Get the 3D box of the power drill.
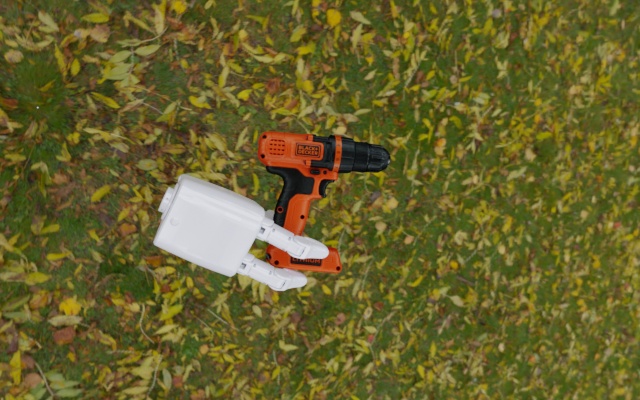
[{"bbox_3d":[0.000,0.003,0.659,0.184,0.187,0.057,5,-1,-6],"label":"power drill"}]
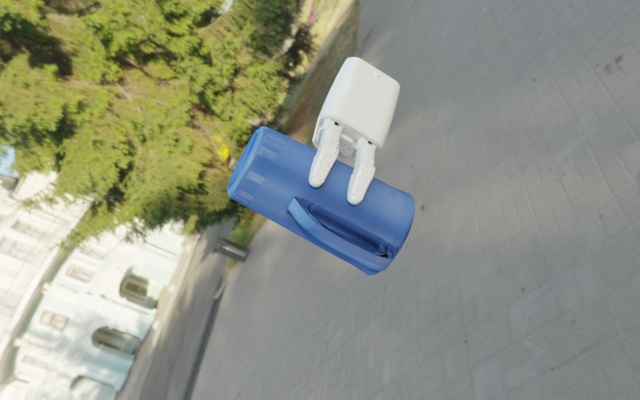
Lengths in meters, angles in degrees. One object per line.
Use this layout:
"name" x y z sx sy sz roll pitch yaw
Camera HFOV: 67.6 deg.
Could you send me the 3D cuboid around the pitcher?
"pitcher" 0.000 0.002 0.660 0.243 0.145 0.149 27 -21 -14

- _Exercise directions_
Return verbatim each line from the one that mentions "roll pitch yaw" to the end of the entries, inclusive.

- _Result of the task_
"name" x y z sx sy sz roll pitch yaw
Camera HFOV: 67.6 deg.
Could you send me the 3D cuboid around the pitcher?
"pitcher" 0.000 0.002 0.660 0.243 0.145 0.149 27 -21 -14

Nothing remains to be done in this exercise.